▸ **What is expected**
For each record that follows, give it back exactly, with no pictures included.

▸ **Data in this exercise**
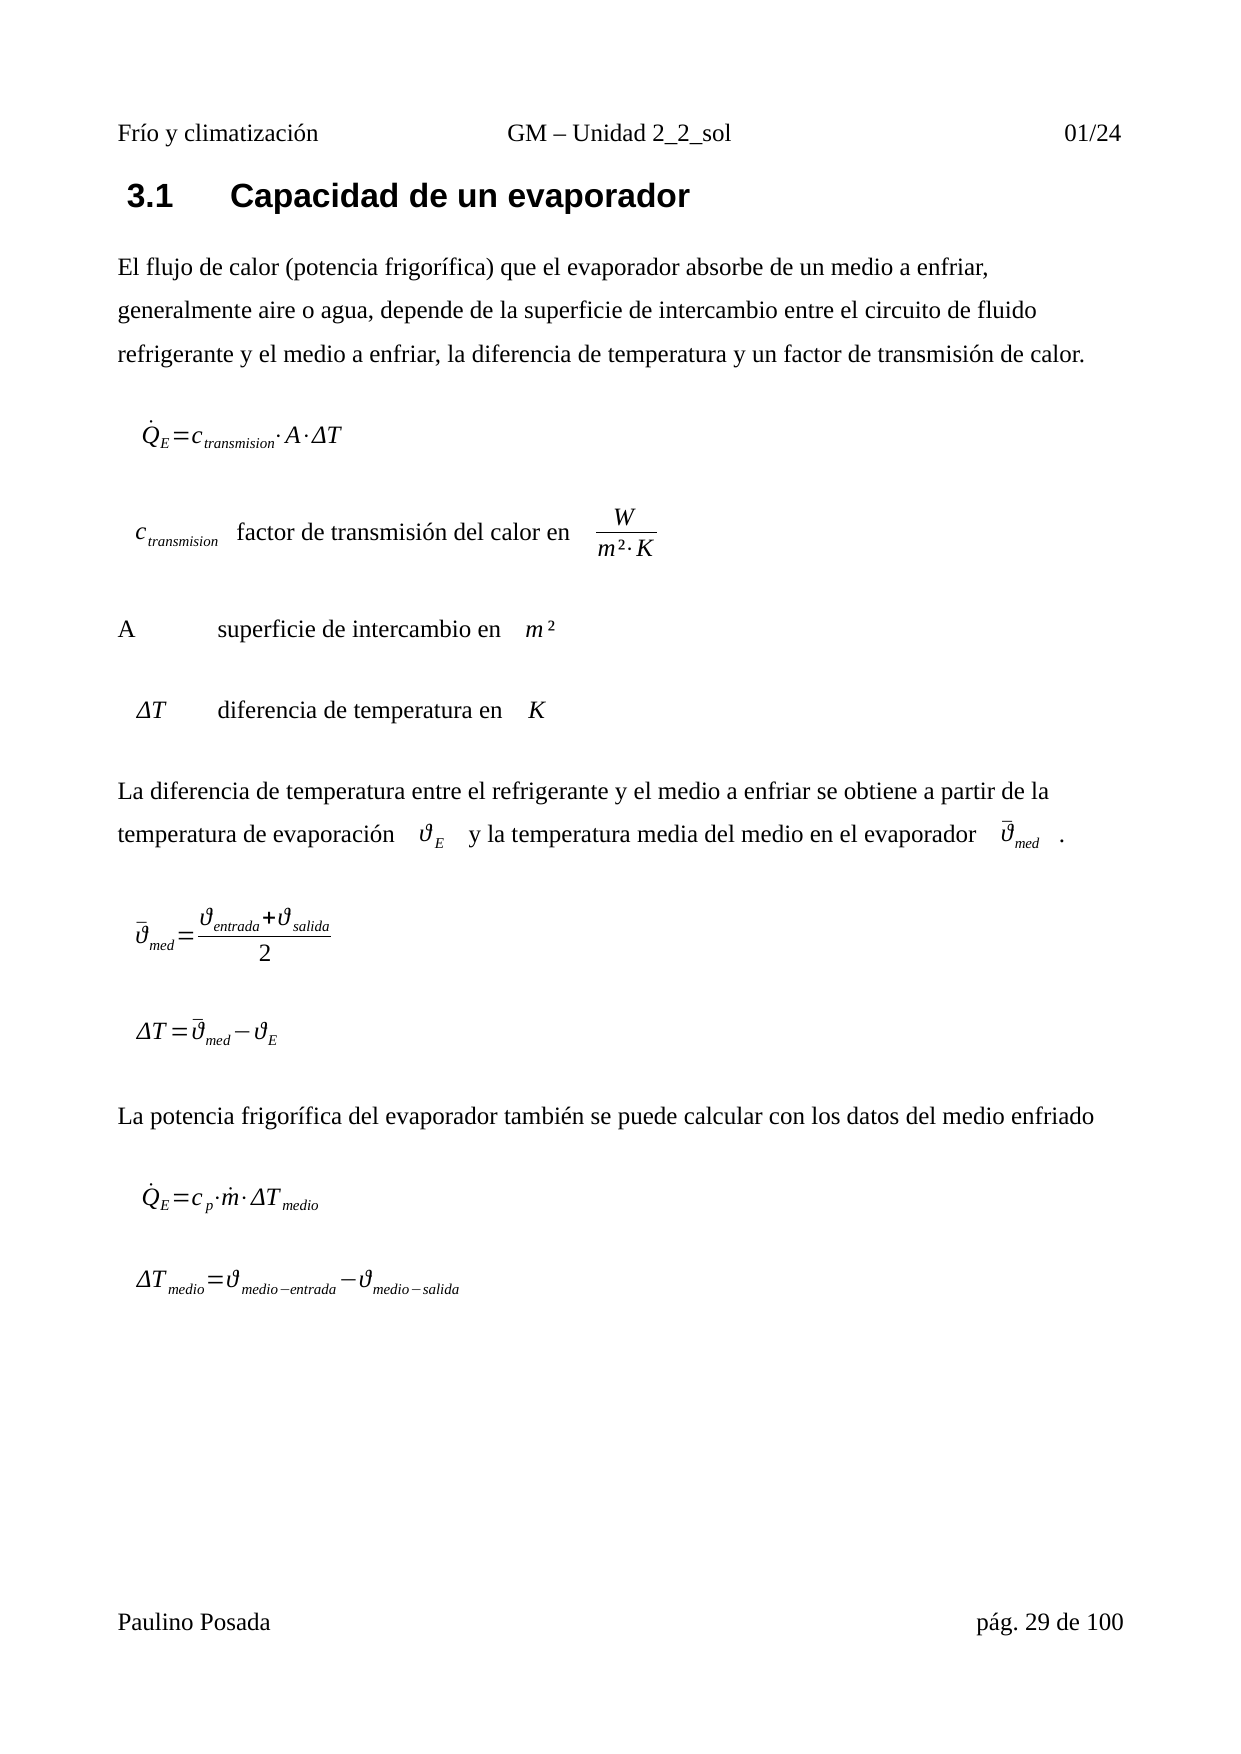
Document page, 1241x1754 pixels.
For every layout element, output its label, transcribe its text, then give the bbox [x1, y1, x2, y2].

text diferencia de temperatura en [117, 695, 1123, 724]
text La diferencia de temperatura entre el refrigerante y el medio a enfriar se obtiene a partir de la temperatura de evaporación y la temperatura media del medio en el evaporador . [117, 776, 1123, 851]
text La potencia frigorífica del evaporador también se puede calcular con los datos del medio enfriado [117, 1101, 1123, 1130]
text A superficie de intercambio en [117, 614, 1123, 643]
text factor de transmisión del calor en [117, 504, 1123, 563]
subtitle Capacidad de un evaporador [117, 176, 1123, 215]
text El flujo de calor (potencia frigorífica) que el evaporador absorbe de un medio a enfriar, generalmente aire o agua, depende de la superficie de intercambio entre el circuito de fluido refrigerante y el medio a enfriar, la diferencia de temperatura y un factor de transmisión de calor. [117, 252, 1123, 367]

▸ **Expected output**
Document page, 1241x1754 pixels.
For every layout element, output its label, transcribe its text, then give the bbox [x1, y1, x2, y2].

text diferencia de temperatura en [117, 695, 1123, 724]
text La diferencia de temperatura entre el refrigerante y el medio a enfriar se obtiene a partir de la temperatura de evaporación y la temperatura media del medio en el evaporador . [117, 776, 1123, 851]
text La potencia frigorífica del evaporador también se puede calcular con los datos del medio enfriado [117, 1101, 1123, 1130]
text A superficie de intercambio en [117, 614, 1123, 643]
text factor de transmisión del calor en [117, 504, 1123, 563]
subtitle Capacidad de un evaporador [117, 176, 1123, 215]
text El flujo de calor (potencia frigorífica) que el evaporador absorbe de un medio a enfriar, generalmente aire o agua, depende de la superficie de intercambio entre el circuito de fluido refrigerante y el medio a enfriar, la diferencia de temperatura y un factor de transmisión de calor. [117, 252, 1123, 367]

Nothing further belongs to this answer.